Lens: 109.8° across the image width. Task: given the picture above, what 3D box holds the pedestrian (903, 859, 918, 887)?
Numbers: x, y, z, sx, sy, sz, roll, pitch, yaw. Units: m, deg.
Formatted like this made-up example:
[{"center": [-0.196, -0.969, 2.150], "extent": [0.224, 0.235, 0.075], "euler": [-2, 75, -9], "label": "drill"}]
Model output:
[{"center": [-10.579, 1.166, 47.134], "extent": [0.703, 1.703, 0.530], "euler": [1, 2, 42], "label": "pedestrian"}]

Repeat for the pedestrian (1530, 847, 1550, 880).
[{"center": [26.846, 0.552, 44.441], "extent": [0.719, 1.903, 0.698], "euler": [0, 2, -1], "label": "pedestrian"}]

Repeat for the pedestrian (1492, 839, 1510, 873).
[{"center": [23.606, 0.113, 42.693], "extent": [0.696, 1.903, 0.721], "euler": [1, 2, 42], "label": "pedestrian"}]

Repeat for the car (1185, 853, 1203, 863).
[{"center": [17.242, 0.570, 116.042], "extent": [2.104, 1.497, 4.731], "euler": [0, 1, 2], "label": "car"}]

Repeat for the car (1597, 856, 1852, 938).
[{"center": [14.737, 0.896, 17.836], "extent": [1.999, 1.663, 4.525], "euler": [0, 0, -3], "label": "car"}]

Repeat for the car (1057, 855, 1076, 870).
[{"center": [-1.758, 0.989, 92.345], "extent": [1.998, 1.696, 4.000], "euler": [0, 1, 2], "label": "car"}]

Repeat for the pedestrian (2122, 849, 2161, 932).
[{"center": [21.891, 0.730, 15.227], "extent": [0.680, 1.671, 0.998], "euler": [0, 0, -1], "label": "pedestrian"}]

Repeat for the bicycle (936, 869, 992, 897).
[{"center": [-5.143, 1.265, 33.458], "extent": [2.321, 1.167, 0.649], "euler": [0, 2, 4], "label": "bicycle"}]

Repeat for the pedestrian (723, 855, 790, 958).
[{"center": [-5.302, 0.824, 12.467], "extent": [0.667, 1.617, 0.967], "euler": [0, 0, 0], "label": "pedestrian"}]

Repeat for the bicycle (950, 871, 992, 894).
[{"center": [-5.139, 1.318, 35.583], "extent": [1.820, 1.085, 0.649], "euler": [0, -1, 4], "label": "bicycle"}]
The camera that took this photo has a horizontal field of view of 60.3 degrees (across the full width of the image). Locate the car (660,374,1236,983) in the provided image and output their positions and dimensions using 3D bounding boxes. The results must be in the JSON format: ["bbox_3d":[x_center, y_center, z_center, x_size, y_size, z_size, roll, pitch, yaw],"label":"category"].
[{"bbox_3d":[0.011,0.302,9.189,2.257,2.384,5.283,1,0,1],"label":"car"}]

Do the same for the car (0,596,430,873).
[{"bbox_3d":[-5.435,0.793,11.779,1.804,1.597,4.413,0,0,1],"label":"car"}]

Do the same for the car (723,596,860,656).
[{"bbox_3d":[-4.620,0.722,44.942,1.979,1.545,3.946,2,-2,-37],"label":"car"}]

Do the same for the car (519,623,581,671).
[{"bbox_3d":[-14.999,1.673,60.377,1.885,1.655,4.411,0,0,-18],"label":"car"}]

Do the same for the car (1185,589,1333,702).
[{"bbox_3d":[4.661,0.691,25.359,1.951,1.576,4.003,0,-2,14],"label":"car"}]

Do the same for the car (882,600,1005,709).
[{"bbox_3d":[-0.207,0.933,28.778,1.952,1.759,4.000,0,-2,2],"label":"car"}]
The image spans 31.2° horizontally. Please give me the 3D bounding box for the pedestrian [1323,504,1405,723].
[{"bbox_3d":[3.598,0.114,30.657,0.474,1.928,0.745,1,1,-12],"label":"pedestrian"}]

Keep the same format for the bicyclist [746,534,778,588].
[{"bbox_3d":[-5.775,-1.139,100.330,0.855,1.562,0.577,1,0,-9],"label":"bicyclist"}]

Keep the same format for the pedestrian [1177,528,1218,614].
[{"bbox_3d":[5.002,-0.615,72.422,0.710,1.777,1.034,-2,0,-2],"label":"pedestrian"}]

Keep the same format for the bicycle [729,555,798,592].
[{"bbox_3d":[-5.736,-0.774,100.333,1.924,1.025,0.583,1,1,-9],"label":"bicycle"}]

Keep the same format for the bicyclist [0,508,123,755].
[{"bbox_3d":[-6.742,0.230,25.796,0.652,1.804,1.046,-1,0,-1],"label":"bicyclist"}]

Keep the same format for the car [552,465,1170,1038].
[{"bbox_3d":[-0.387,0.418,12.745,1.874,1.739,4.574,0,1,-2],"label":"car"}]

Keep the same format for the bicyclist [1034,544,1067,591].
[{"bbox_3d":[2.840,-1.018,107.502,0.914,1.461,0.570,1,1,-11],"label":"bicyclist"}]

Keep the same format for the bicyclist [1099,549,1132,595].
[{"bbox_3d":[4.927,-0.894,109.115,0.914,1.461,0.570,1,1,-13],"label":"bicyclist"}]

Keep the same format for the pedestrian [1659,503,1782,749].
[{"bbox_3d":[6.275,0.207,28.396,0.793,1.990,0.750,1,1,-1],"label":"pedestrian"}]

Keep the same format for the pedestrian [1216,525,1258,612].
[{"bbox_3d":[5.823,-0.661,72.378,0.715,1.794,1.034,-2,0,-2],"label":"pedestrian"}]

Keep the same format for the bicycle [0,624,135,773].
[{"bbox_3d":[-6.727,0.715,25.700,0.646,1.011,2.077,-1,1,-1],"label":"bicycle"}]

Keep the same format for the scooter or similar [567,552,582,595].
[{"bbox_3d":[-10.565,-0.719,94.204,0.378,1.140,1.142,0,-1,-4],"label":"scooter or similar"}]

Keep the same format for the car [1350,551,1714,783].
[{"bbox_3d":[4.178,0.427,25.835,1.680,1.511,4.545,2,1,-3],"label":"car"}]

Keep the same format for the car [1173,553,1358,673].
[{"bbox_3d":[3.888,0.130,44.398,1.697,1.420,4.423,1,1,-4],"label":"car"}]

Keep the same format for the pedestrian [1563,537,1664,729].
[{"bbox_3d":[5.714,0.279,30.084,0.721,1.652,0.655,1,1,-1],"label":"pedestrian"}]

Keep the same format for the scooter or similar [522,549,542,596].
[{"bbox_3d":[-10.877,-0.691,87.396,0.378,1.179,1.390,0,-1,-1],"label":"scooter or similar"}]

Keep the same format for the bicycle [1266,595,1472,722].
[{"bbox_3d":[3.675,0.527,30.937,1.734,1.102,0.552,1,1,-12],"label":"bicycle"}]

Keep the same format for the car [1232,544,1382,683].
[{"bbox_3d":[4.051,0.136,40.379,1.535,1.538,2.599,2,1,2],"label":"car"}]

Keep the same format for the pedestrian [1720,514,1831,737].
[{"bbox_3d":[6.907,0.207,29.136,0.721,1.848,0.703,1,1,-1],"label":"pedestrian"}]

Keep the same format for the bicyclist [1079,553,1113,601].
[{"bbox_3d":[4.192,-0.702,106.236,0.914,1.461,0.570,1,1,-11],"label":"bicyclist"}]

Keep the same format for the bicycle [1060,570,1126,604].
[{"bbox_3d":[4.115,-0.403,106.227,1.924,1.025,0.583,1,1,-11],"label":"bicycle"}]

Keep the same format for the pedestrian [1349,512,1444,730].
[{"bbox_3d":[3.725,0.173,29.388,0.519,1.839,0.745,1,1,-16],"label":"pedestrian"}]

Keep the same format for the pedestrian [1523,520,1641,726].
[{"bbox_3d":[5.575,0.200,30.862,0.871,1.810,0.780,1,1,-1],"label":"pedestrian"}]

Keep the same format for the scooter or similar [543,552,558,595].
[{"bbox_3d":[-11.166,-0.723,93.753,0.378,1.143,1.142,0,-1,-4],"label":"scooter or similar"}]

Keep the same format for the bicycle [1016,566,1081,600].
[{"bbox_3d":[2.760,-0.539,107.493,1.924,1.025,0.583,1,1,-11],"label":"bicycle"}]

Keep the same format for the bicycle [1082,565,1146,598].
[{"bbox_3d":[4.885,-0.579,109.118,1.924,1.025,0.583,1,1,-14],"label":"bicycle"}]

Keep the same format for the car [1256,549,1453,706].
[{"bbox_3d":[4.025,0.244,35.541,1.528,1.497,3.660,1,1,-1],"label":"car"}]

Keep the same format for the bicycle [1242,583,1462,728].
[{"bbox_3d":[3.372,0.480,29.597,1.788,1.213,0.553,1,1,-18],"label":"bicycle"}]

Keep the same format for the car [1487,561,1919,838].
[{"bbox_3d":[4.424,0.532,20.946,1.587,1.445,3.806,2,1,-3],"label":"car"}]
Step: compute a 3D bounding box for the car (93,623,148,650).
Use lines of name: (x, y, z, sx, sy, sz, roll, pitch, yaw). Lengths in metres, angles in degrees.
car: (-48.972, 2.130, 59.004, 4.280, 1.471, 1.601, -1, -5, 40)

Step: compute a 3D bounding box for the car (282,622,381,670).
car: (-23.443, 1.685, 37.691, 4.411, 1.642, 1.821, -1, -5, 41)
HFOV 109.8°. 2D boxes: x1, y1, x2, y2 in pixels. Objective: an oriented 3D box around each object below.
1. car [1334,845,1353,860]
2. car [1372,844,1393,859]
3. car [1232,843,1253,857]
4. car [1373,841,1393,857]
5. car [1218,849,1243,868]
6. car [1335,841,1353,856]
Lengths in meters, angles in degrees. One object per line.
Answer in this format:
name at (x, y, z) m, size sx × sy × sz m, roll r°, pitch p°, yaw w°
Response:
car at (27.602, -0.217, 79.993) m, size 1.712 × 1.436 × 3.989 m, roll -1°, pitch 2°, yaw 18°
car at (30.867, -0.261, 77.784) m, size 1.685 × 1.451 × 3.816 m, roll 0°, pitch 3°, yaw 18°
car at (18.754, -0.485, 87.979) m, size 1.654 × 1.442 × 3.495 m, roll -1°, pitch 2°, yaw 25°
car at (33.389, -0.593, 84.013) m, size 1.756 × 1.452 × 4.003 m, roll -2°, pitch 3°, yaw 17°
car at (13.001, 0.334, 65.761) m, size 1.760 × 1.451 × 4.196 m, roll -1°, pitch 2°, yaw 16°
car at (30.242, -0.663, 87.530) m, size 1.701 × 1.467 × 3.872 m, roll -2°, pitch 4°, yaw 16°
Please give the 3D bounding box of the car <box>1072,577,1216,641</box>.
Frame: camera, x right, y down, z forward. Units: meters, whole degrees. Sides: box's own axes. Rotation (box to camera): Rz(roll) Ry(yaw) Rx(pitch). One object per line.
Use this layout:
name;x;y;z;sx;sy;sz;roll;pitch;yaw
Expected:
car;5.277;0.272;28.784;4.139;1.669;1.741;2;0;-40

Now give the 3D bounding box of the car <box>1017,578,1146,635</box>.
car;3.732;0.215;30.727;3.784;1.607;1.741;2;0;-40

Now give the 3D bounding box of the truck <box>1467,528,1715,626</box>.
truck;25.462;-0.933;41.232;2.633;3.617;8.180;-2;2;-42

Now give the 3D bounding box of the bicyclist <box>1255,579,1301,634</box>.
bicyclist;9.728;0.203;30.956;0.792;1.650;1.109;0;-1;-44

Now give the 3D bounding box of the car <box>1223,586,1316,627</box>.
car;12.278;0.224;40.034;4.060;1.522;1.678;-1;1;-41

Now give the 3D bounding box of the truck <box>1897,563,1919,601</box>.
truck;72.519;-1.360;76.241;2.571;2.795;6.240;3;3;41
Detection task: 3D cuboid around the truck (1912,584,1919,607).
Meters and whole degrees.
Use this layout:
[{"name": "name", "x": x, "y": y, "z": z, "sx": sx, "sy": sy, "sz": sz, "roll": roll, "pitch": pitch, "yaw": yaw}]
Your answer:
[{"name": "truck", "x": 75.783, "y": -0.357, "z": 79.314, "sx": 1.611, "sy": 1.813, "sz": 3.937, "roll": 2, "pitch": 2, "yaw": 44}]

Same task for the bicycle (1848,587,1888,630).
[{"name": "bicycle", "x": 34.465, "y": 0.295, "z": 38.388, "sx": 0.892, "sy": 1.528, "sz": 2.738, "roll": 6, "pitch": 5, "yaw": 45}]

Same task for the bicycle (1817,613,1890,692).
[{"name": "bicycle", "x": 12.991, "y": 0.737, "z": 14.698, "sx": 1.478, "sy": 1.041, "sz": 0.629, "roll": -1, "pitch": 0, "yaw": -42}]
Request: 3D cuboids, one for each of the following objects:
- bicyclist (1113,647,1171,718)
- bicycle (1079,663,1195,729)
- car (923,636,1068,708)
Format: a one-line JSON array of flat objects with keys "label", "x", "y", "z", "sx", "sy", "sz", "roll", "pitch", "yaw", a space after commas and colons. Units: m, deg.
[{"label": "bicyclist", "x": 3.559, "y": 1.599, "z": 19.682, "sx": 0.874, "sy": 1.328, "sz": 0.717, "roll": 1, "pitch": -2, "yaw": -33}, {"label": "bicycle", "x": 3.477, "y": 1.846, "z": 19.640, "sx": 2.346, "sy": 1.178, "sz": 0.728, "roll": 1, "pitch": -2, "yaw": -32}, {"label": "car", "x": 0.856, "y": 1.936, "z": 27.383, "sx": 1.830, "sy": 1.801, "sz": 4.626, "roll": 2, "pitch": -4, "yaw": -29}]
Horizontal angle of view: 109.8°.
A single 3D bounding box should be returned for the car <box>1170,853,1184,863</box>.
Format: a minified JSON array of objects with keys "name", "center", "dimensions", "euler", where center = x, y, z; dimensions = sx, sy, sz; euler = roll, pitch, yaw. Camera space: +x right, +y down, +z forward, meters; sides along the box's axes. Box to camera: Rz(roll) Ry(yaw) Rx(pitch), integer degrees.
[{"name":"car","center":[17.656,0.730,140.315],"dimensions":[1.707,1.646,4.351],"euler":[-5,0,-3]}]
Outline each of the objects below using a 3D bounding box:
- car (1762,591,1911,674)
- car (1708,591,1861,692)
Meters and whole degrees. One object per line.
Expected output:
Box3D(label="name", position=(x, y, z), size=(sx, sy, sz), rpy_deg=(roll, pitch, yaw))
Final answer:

::::::::

• HOW TO COMPLETE THIS TASK
Set down, unchanged, only those lines above that fall between the line with "Detection task: 3D" and the line with "A single 3D", the two end lines included.

• RESPONSE FOR THIS EXERCISE
Detection task: 3D cuboid around the truck (1912,584,1919,607).
Meters and whole degrees.
Use this layout:
[{"name": "name", "x": x, "y": y, "z": z, "sx": sx, "sy": sy, "sz": sz, "roll": roll, "pitch": pitch, "yaw": yaw}]
Your answer:
[{"name": "truck", "x": 75.783, "y": -0.357, "z": 79.314, "sx": 1.611, "sy": 1.813, "sz": 3.937, "roll": 2, "pitch": 2, "yaw": 44}]

Same task for the bicycle (1848,587,1888,630).
[{"name": "bicycle", "x": 34.465, "y": 0.295, "z": 38.388, "sx": 0.892, "sy": 1.528, "sz": 2.738, "roll": 6, "pitch": 5, "yaw": 45}]

Same task for the bicycle (1817,613,1890,692).
[{"name": "bicycle", "x": 12.991, "y": 0.737, "z": 14.698, "sx": 1.478, "sy": 1.041, "sz": 0.629, "roll": -1, "pitch": 0, "yaw": -42}]
Request: 3D cuboids, one for each of the following objects:
- bicyclist (1113,647,1171,718)
- bicycle (1079,663,1195,729)
- car (923,636,1068,708)
Format: a one-line JSON array of flat objects with keys "label", "x", "y", "z", "sx", "sy", "sz", "roll", "pitch", "yaw", a space after commas and colons. Units: m, deg.
[{"label": "bicyclist", "x": 3.559, "y": 1.599, "z": 19.682, "sx": 0.874, "sy": 1.328, "sz": 0.717, "roll": 1, "pitch": -2, "yaw": -33}, {"label": "bicycle", "x": 3.477, "y": 1.846, "z": 19.640, "sx": 2.346, "sy": 1.178, "sz": 0.728, "roll": 1, "pitch": -2, "yaw": -32}, {"label": "car", "x": 0.856, "y": 1.936, "z": 27.383, "sx": 1.830, "sy": 1.801, "sz": 4.626, "roll": 2, "pitch": -4, "yaw": -29}]
Horizontal angle of view: 109.8°.
A single 3D bounding box should be returned for the car <box>1170,853,1184,863</box>.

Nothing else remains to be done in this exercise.